Date Written: February 27, 2024


With March 6, 2024 around the corner—the day designated “gatekeepers” of “core platform services” (CPS) such as search engines and social media platforms must comply with the mandates set forth in the Digital Markets Act (DMA)—many of us are left wondering how the DMA will change the online ecosystem. In particular, this paper will focus on how the DMA’s interoperability and data portability requirements will manifest. The motivation behind the DMA's focus on interoperability and data portability is clear: to challenge the status quo where a few digital giants control significant portions of the online space, limiting consumer choice and stifling innovation.

However laudable the DMA’s motivations and goals, little is known about how its mandates will be accomplished. The act's current language offers broad directives without delving into the granular technical standards or frameworks that companies should adopt to achieve these goals. This lack of specificity is not without its merits; it allows for flexibility and innovation in how companies approach the challenge of interoperability and data portability. Yet, this same flexibility grants companies considerable leeway in interpreting and implementing the mandates, potentially leading to a fragmented landscape where the underlying objectives of the DMA are not fully realized. Or worse, regulatory arbitrage that further entrenches the status quo as opposed to loosening the grip gatekeepers currently have on the market. Luckily, there is a way to straddle the divide.

This paper argues for a three-phased approach to DMA implementation. First, the EU should afford companies flexibility implementing the DMA to foster a robust marketplace of interoperability and data portability solutions tailored to specific domains.
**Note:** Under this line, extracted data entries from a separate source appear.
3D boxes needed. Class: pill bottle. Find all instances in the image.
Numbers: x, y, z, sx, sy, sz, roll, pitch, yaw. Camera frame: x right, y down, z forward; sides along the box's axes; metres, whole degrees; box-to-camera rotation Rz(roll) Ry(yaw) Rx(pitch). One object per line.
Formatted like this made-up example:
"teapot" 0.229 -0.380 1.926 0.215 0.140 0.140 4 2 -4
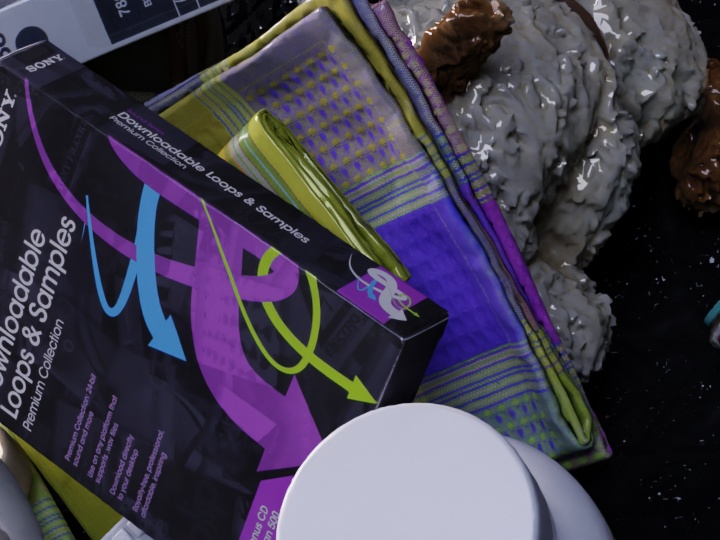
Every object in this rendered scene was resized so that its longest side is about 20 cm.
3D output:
"pill bottle" 0.040 0.125 0.993 0.119 0.200 0.120 -6 64 13

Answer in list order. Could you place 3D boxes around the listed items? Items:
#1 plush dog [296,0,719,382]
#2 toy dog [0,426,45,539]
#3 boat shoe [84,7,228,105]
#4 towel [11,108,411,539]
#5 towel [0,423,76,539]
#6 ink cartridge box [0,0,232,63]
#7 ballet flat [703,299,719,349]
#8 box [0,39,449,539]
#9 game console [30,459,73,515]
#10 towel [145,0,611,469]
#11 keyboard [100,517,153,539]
"plush dog" 0.064 -0.076 1.117 0.200 0.161 0.172 39 45 18
"toy dog" -0.160 0.120 1.047 0.096 0.132 0.200 -41 29 3
"boat shoe" -0.098 -0.047 1.155 0.075 0.074 0.201 -11 62 14
"towel" -0.065 0.029 1.077 0.086 0.018 0.200 52 127 9
"towel" -0.210 0.140 1.148 0.200 0.023 0.144 -37 61 5
"ink cartridge box" -0.105 -0.119 1.109 0.199 0.039 0.100 -24 28 -2
"ballet flat" 0.222 -0.027 1.088 0.200 0.076 0.064 -45 78 -3
"box" -0.074 0.025 1.049 0.200 0.036 0.144 35 123 22
"game console" -0.100 0.009 1.185 0.176 0.031 0.201 0 65 16
"towel" 0.000 0.000 1.064 0.143 0.023 0.201 -22 98 46
"keyboard" -0.041 0.182 1.074 0.056 0.011 0.200 -42 75 -7
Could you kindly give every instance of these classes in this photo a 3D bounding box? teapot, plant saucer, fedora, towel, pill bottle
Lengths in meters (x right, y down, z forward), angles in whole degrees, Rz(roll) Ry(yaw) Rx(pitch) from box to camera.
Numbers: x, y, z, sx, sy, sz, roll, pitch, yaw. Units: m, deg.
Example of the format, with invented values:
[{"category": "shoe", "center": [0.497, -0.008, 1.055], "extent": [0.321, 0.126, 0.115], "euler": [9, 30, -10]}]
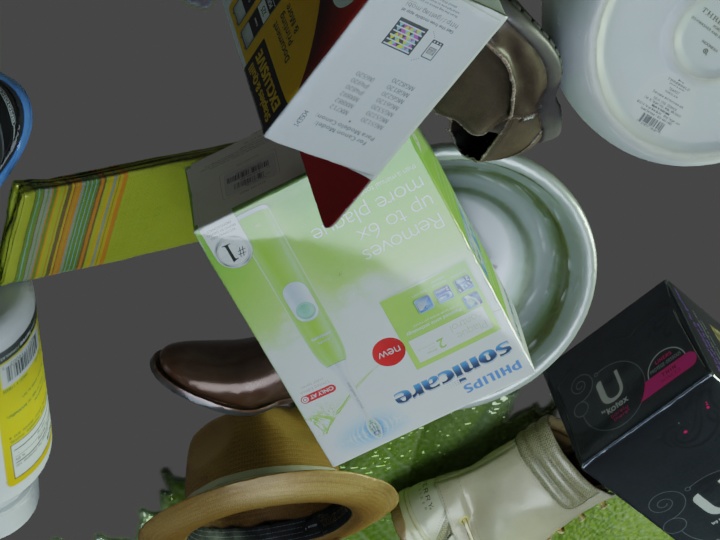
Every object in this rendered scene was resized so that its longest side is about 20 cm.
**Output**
[{"category": "teapot", "center": [0.196, -0.168, 1.609], "extent": [0.197, 0.146, 0.201], "euler": [-16, 119, -8]}, {"category": "plant saucer", "center": [0.053, -0.003, 1.713], "extent": [0.199, 0.050, 0.201], "euler": [-4, 121, -6]}, {"category": "fedora", "center": [-0.069, 0.147, 1.847], "extent": [0.200, 0.082, 0.201], "euler": [-10, 162, -3]}, {"category": "towel", "center": [-0.138, -0.041, 1.675], "extent": [0.200, 0.018, 0.086], "euler": [-13, 143, -32]}, {"category": "pill bottle", "center": [-0.262, 0.083, 1.724], "extent": [0.112, 0.113, 0.200], "euler": [-9, 134, -9]}]

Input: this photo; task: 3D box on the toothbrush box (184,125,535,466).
[{"category": "toothbrush box", "center": [0.000, 0.000, 1.629], "extent": [0.145, 0.086, 0.200], "euler": [-25, 122, 6]}]

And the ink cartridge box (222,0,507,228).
[{"category": "ink cartridge box", "center": [-0.021, -0.155, 1.513], "extent": [0.084, 0.200, 0.176], "euler": [21, 122, -32]}]

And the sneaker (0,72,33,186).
[{"category": "sneaker", "center": [-0.267, -0.032, 1.595], "extent": [0.083, 0.071, 0.200], "euler": [14, 99, -63]}]

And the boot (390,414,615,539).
[{"category": "boot", "center": [0.135, 0.197, 1.985], "extent": [0.155, 0.073, 0.200], "euler": [-32, 128, 16]}]

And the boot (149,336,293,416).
[{"category": "boot", "center": [-0.031, 0.007, 1.766], "extent": [0.186, 0.064, 0.200], "euler": [6, 127, -22]}]

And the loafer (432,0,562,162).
[{"category": "loafer", "center": [0.076, -0.112, 1.562], "extent": [0.071, 0.073, 0.200], "euler": [-36, 155, -5]}]

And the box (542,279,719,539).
[{"category": "box", "center": [0.248, 0.119, 1.924], "extent": [0.122, 0.106, 0.200], "euler": [-38, 131, 18]}]
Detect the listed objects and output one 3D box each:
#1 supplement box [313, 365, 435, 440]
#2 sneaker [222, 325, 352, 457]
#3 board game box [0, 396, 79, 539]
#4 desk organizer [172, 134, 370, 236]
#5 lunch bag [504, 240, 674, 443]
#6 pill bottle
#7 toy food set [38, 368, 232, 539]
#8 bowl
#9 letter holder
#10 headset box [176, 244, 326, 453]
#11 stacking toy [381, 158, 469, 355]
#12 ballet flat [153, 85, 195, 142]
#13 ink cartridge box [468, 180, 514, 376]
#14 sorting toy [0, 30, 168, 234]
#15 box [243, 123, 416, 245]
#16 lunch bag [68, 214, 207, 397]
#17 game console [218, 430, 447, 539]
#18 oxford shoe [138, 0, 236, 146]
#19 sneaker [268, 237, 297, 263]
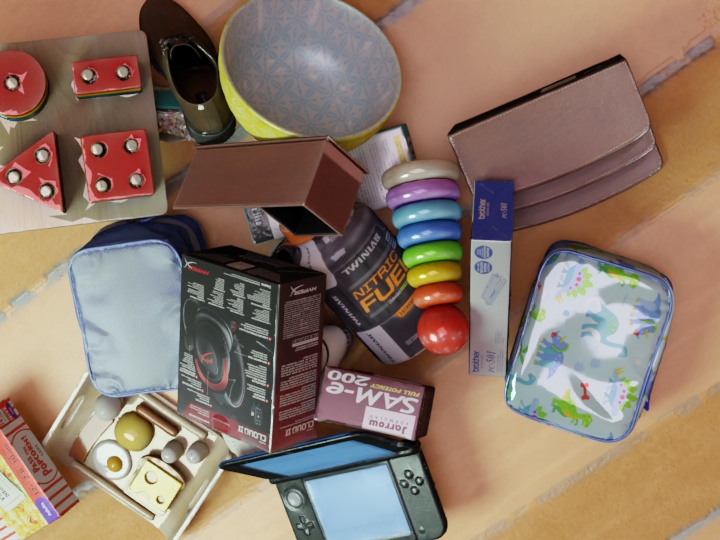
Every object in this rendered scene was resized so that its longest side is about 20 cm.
[{"bbox_3d":[0.020,0.143,1.438,0.108,0.200,0.061,11,86,7],"label":"supplement box"},{"bbox_3d":[-0.082,0.137,1.487,0.077,0.080,0.200,50,120,11],"label":"sneaker"},{"bbox_3d":[-0.454,0.264,1.594,0.200,0.046,0.152,-33,93,27],"label":"board game box"},{"bbox_3d":[-0.096,-0.084,1.374,0.199,0.072,0.077,1,63,41],"label":"desk organizer"},{"bbox_3d":[0.251,0.079,1.455,0.160,0.082,0.201,16,102,7],"label":"lunch bag"},{"bbox_3d":[0.000,0.000,1.438,0.106,0.106,0.200,-37,114,13],"label":"pill bottle"},{"bbox_3d":[-0.268,0.219,1.571,0.199,0.060,0.144,34,102,3],"label":"toy food set"},{"bbox_3d":[-0.063,-0.192,1.435,0.199,0.201,0.108,31,146,3],"label":"bowl"},{"bbox_3d":[0.213,-0.124,1.419,0.199,0.101,0.143,-22,97,12],"label":"letter holder"},{"bbox_3d":[-0.117,0.089,1.389,0.148,0.075,0.201,15,108,39],"label":"headset box"},{"bbox_3d":[0.074,-0.011,1.392,0.085,0.085,0.201,-8,82,10],"label":"stacking toy"},{"bbox_3d":[-0.249,-0.176,1.501,0.199,0.076,0.064,11,133,12],"label":"ballet flat"},{"bbox_3d":[0.138,0.011,1.407,0.044,0.094,0.201,2,133,6],"label":"ink cartridge box"},{"bbox_3d":[-0.314,-0.148,1.410,0.197,0.070,0.201,-7,92,-9],"label":"sorting toy"},{"bbox_3d":[-0.034,-0.097,1.486,0.199,0.049,0.083,-15,97,11],"label":"box"},{"bbox_3d":[-0.239,0.028,1.498,0.135,0.132,0.201,-5,104,8],"label":"lunch bag"},{"bbox_3d":[-0.030,0.254,1.485,0.199,0.118,0.172,-16,98,29],"label":"game console"},{"bbox_3d":[-0.189,-0.237,1.443,0.072,0.085,0.201,-27,62,-9],"label":"oxford shoe"},{"bbox_3d":[-0.109,0.058,1.492,0.077,0.112,0.201,16,102,6],"label":"sneaker"}]
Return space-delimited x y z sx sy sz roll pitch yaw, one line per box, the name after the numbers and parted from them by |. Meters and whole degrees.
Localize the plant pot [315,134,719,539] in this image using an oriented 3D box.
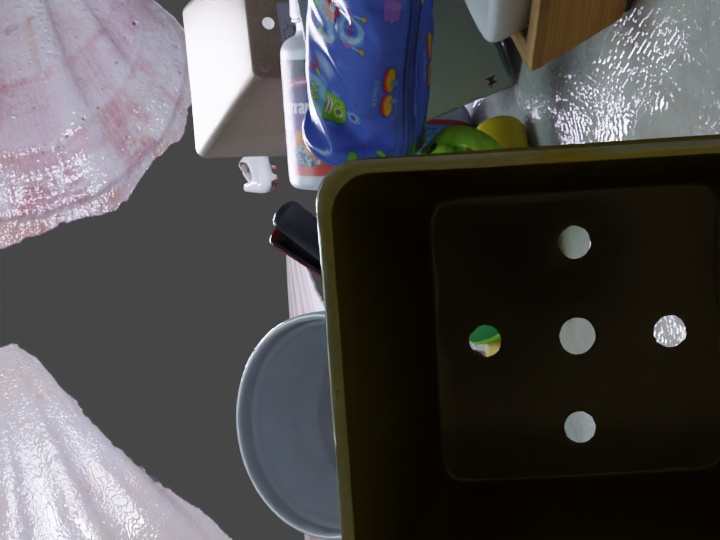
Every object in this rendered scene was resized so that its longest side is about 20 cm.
0.093 0.044 0.474 0.177 0.196 0.204 -80 -14 -79 | plant pot

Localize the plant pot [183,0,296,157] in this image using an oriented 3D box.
-0.092 -0.262 1.508 0.177 0.197 0.203 146 120 -66 | plant pot

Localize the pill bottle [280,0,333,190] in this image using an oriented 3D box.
-0.028 -0.192 1.323 0.111 0.109 0.204 -134 40 -76 | pill bottle

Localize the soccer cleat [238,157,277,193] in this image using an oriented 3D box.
-0.227 -0.249 2.696 0.070 0.076 0.202 95 167 -50 | soccer cleat

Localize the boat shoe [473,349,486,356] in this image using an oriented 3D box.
0.077 0.153 0.930 0.072 0.062 0.203 -27 60 40 | boat shoe

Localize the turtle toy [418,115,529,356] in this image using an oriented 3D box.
0.070 -0.025 0.820 0.201 0.099 0.148 101 161 -62 | turtle toy

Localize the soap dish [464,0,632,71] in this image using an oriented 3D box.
0.091 -0.229 0.624 0.159 0.080 0.202 -105 13 -47 | soap dish

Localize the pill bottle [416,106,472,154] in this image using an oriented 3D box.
0.039 -0.069 0.972 0.109 0.107 0.204 138 127 -79 | pill bottle

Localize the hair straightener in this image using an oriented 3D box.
0.000 0.000 1.149 0.199 0.041 0.077 38 152 15 | hair straightener

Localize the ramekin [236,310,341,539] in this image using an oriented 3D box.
-0.007 0.136 1.146 0.104 0.198 0.204 -1 -95 -57 | ramekin

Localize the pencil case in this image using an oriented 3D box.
0.008 -0.145 0.708 0.087 0.077 0.202 55 154 35 | pencil case

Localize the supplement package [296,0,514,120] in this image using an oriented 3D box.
0.019 -0.213 0.880 0.118 0.115 0.202 55 -162 -52 | supplement package
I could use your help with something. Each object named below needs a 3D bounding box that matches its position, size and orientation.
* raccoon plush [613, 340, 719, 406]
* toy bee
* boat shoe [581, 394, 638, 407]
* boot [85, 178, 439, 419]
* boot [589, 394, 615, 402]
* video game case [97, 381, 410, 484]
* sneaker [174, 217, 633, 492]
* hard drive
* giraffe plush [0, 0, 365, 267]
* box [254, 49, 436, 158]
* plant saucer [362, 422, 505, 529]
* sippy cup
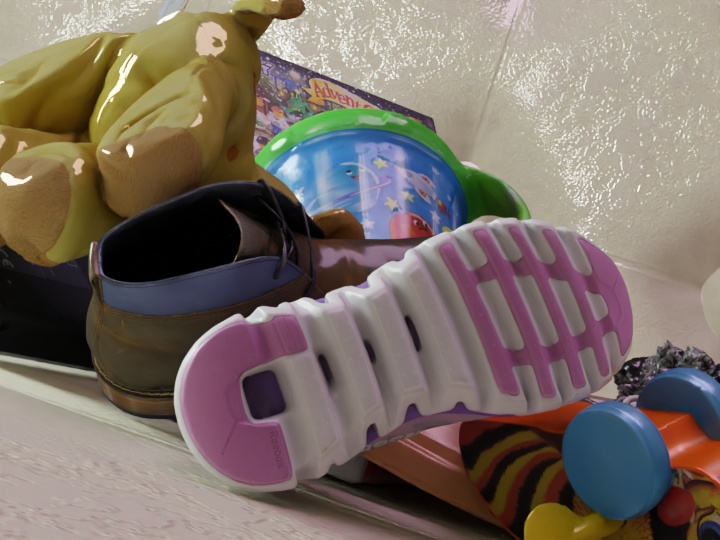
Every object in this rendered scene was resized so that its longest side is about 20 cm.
[{"bbox_3d":[0.216,0.148,1.239,0.097,0.134,0.200,-5,-51,49],"label":"raccoon plush"},{"bbox_3d":[0.124,0.098,0.738,0.130,0.109,0.200,-16,2,-21],"label":"toy bee"},{"bbox_3d":[0.174,0.103,0.950,0.200,0.057,0.067,35,11,32],"label":"boat shoe"},{"bbox_3d":[-0.023,0.006,0.795,0.199,0.075,0.097,-15,-32,-5],"label":"boot"},{"bbox_3d":[0.151,0.116,1.376,0.146,0.071,0.200,15,-2,38],"label":"boot"},{"bbox_3d":[-0.030,0.080,0.948,0.143,0.018,0.200,18,0,20],"label":"video game case"},{"bbox_3d":[0.014,0.036,0.756,0.199,0.081,0.088,-16,-8,-18],"label":"sneaker"},{"bbox_3d":[-0.169,-0.011,0.965,0.140,0.033,0.200,58,18,24],"label":"hard drive"},{"bbox_3d":[-0.089,-0.033,0.898,0.172,0.200,0.163,4,-49,36],"label":"giraffe plush"},{"bbox_3d":[-0.036,-0.071,1.154,0.199,0.038,0.137,19,41,-27],"label":"box"},{"bbox_3d":[0.035,0.073,0.903,0.200,0.038,0.200,28,3,-2],"label":"plant saucer"},{"bbox_3d":[0.000,0.000,1.035,0.140,0.178,0.131,37,28,-29],"label":"sippy cup"}]
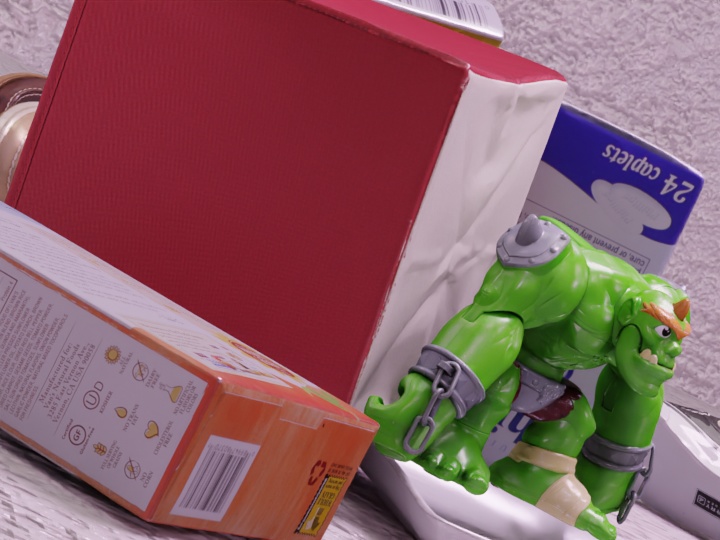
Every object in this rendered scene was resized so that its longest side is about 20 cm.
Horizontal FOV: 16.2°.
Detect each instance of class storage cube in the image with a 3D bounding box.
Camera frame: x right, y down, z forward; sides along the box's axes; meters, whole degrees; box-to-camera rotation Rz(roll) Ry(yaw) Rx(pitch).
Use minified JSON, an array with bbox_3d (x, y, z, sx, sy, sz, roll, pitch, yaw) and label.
[{"bbox_3d":[-0.035,-0.038,1.139,0.179,0.201,0.171,22,9,17],"label":"storage cube"}]

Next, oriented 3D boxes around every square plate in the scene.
[{"bbox_3d":[0.088,0.130,1.116,0.199,0.029,0.198,26,4,-16],"label":"square plate"}]

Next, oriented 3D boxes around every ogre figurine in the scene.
[{"bbox_3d":[0.084,0.044,1.119,0.200,0.120,0.098,24,5,-34],"label":"ogre figurine"}]

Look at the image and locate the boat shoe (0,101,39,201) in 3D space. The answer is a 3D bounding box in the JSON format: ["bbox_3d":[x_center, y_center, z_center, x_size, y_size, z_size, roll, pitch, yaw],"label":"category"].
[{"bbox_3d":[-0.160,-0.049,1.512,0.069,0.074,0.200,22,1,21],"label":"boat shoe"}]

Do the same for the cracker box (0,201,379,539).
[{"bbox_3d":[-0.108,0.026,0.916,0.200,0.058,0.134,30,3,26],"label":"cracker box"}]

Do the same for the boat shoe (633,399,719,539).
[{"bbox_3d":[0.240,0.136,1.710,0.200,0.071,0.064,36,40,22],"label":"boat shoe"}]

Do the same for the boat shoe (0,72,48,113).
[{"bbox_3d":[-0.196,-0.089,1.855,0.070,0.071,0.200,24,1,36],"label":"boat shoe"}]

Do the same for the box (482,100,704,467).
[{"bbox_3d":[0.076,0.013,1.305,0.105,0.201,0.184,25,3,-4],"label":"box"}]

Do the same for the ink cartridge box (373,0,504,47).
[{"bbox_3d":[-0.057,-0.075,1.309,0.197,0.200,0.047,13,31,-24],"label":"ink cartridge box"}]
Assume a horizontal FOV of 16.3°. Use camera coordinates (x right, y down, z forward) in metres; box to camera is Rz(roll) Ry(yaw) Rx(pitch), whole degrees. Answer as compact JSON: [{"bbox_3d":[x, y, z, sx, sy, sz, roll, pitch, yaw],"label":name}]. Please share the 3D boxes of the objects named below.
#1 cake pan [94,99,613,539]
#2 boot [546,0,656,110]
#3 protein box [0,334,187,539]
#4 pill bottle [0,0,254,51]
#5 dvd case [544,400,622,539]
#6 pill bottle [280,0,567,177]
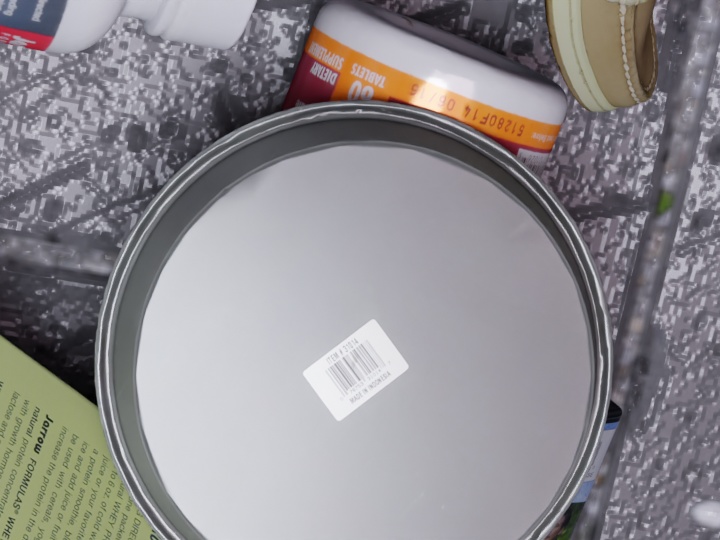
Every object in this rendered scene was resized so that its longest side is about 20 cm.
[{"bbox_3d":[0.000,0.037,0.944,0.199,0.037,0.201,0,94,-5],"label":"cake pan"},{"bbox_3d":[0.145,-0.141,0.927,0.154,0.072,0.201,1,133,10],"label":"boot"},{"bbox_3d":[-0.161,0.151,0.947,0.200,0.199,0.135,39,135,-25],"label":"protein box"},{"bbox_3d":[-0.136,-0.147,0.940,0.199,0.120,0.120,11,102,-15],"label":"pill bottle"},{"bbox_3d":[0.025,0.144,1.057,0.142,0.018,0.201,-5,124,-42],"label":"dvd case"},{"bbox_3d":[0.000,0.000,1.023,0.109,0.110,0.201,19,100,-17],"label":"pill bottle"}]

In the second stage, the EU should enlist expert stakeholders to evaluate the merits and shortcomings of the various approaches actually in use to gain an evidence-based understanding of which technological methods achieve the DMA’s stated goals. Finally, in the third phase, the EU should continue to engage a diverse group of independent, expert stakeholders representing various factions and interests in society to identify the most effective technological practices for different sector based on the empirical evidence analyzed and the normative evaluation of values undertaken. In other words, foster a marketplace of solutions to inform decisions around which ones actually accomplish what the DMA sets out to do.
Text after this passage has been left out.